## About this task
Look through the entries below for the string "roll", and copy each line where it is found.

## Supplied information
------------------------------------------------
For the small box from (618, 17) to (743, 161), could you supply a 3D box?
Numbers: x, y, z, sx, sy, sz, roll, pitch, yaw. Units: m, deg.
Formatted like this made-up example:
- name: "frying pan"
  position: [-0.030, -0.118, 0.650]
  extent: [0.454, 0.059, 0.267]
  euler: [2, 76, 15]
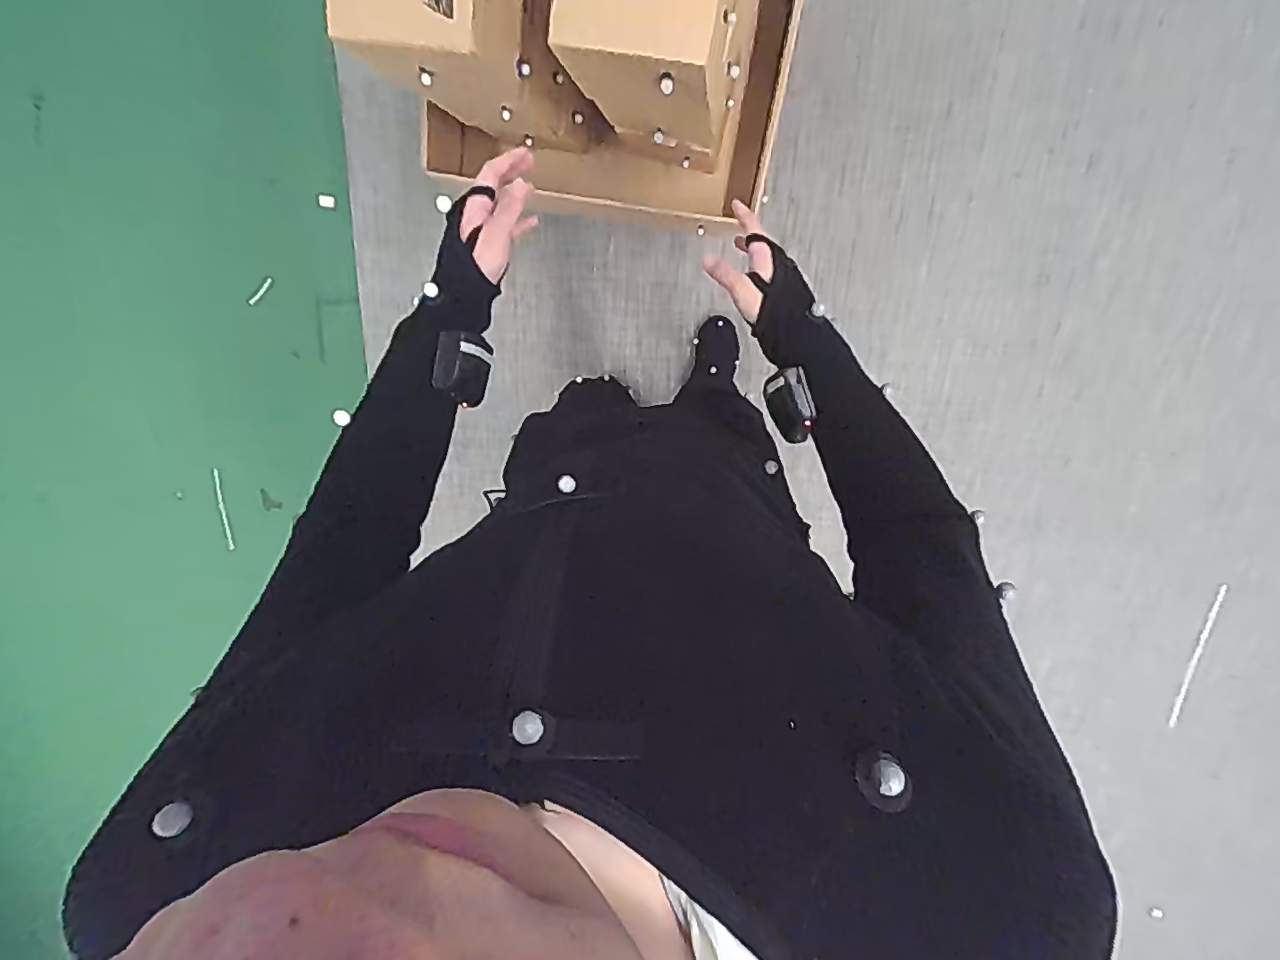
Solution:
- name: "small box"
  position: [0.076, -0.667, 0.921]
  extent: [0.168, 0.176, 0.179]
  euler: [16, 111, 5]

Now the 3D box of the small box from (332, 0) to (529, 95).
- name: "small box"
  position: [-0.244, -0.596, 0.659]
  extent: [0.179, 0.176, 0.168]
  euler: [11, 110, 8]

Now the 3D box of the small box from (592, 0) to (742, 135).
- name: "small box"
  position: [0.043, -0.615, 0.770]
  extent: [0.179, 0.176, 0.168]
  euler: [15, 111, 5]

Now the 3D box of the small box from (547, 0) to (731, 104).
- name: "small box"
  position: [0.012, -0.556, 0.618]
  extent: [0.179, 0.176, 0.168]
  euler: [13, 111, 7]
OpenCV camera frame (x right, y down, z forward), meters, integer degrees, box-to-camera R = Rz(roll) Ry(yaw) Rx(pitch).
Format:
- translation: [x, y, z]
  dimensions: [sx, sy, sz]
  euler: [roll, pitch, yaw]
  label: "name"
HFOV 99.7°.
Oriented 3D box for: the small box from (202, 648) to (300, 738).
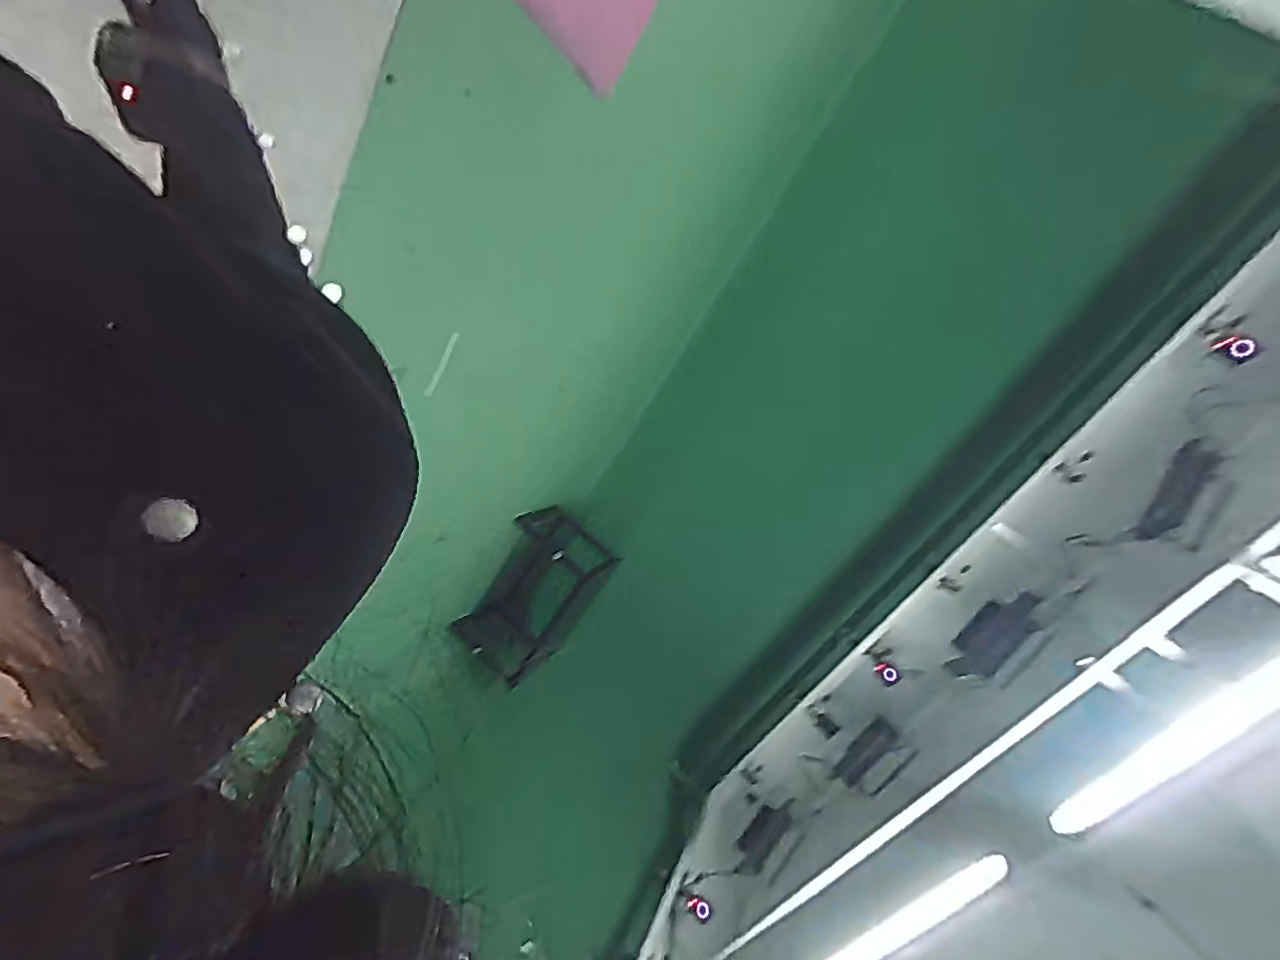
- translation: [-1.195, 0.652, 1.666]
  dimensions: [0.168, 0.176, 0.179]
  euler: [-41, 162, -39]
  label: "small box"
------------------------------------------------
## Task answer
Numbers: x, y, z, sx, sy, sz, roll, pitch, yaw. Units: m, deg.
OpenCV camera frame (x right, y down, z forward), meters, integer degrees, box-to-camera R = Rz(roll) Ry(yaw) Rx(pitch).
  euler: [roll, pitch, yaw]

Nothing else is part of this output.